Method according to Claim 6, characterised by the fact of comprising a marking phase of the said shapes (13) which corresponds to the said cutting station (S3).
Method according to Claim 5, characterised by the fact that the said positioning phase is carried out while taking into account the intrinsic characteristics of each hide (2), such as the aforementioned defective areas or variations in direction due to the grain of the hide (2) itself, as well as the non-intrinsic characteristics of the hide (2) itself, such as the fact that there might be a specific number of shapes to be obtained.
Machine for cutting hides (2), characterised by the fact that it comprises: automatic conveying means (3) to automatically feed each of the said hides (2) along a feed path (P) extending in sequence through a mapping station (S2) and a cutting station (S3); mapping means (10) for the mapping of the contours (11) of each hide (2) arranged to correspond to the mapping station (S2); positioning means (12) for the positioning of a number of shapes (13) to be cut inside the said contours (11), and cutting means (14) for cutting the shapes (13) themselves arranged to correspond to the said cutting station (S3).
Machine according to Claim 9, characterised by the fact that it comprises a control unit (U) which is input connected to the mapping means (10) and output connected to the cutting means (14) and the conveying means (3).
Machine according to Claims 9 or 10, characterised by the fact that said conveying means (3) comprise at least one mobile transport platform (5) along the feed path (P), a rack feed device (3) for the platform, and a loading/unloading device (8, 9) for the platform (5) arranged to correspond to a loading station (S1) and, respectively, to an unloading station (S4) for the said hides (2).
Machine according to Claim 11, characterised by the fact that the loading station (S1) and the unloading station (S4) are arranged to correspond to respective opposite ends of the said feed path (P).
Machine according to Claim 12, characterised by the fact that the said rack device (3) comprises a forward arm (R1) which extends along the feed path (P) beginning from the said loading station (S1) and a return arm (R2) which extends parallel to the feed path 8P) itself beginning from the said unloading station (S4).
Machine according to Claim 13, characterised by the fact that the said transport platform (5) comprises a frame (5) and a grid (7) fixed to the frame (5) for transporting at least one of the said hides (2).
Machine according to Claim 14, characterised by the fact that it comprises a number of transport platforms (5) which can be simultaneously moved along the said feed path (P).

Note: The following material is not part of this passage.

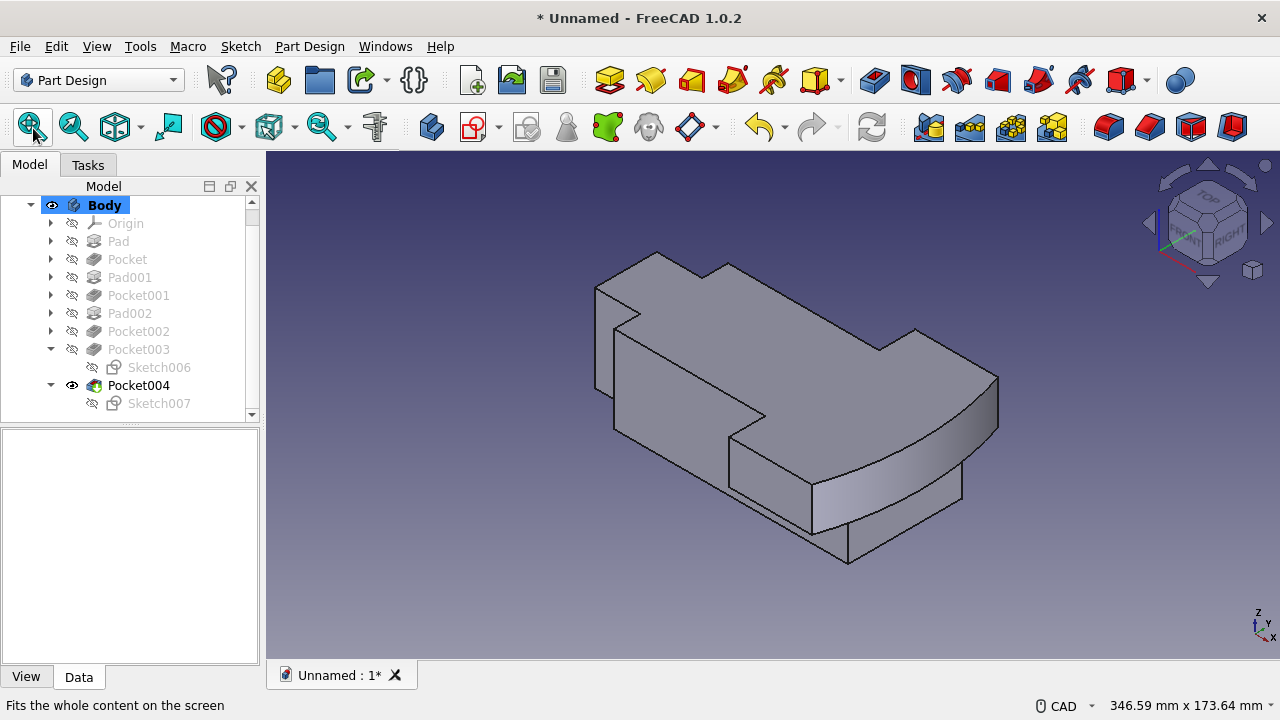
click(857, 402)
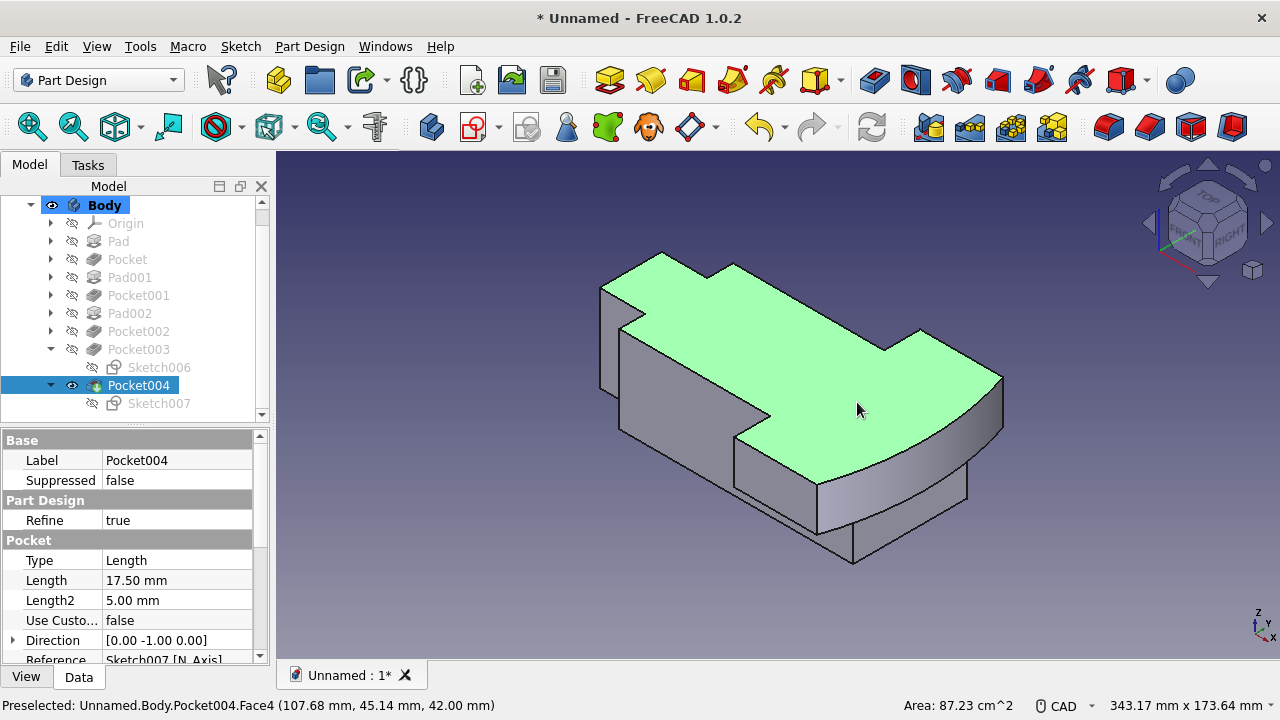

Machine according to Claim 10, characterised by the fact that the said positioning means (12) are part of the said control means (U), the said mapping means (10) being film means for obtaining images which are output connected to the control unit (U).
Machine according to Claim 16, characterised by the fact that said mapping means (10) comprise at least one TV camera which is trained on the said feed path (P).
Machine according to Claim 10, characterised by the fact that said cutting means (14) comprise at least one cutting head (17) and a device (1) for moving the cutting head (17) itself which is input connected to the said control unit (U) in order to move the cutting head (17) along the hide (2) when it is stationary in relation to the cutting station (S3).
Machine according to Claim 18, characterised by the fact that said cutting head (17) is a water jet cutting head (17), and the cutting means (14) comprise a feed device (22) for the cutting head (17) presenting a duct 824) which is connected to the cutting head (17) itself, and which is provided with at least one spiral portion (26) (27).
Machine according to Claim 16, characterised by the fact that the said cutting means (14) comprise at least one marking head (28) for marking the said hides (2).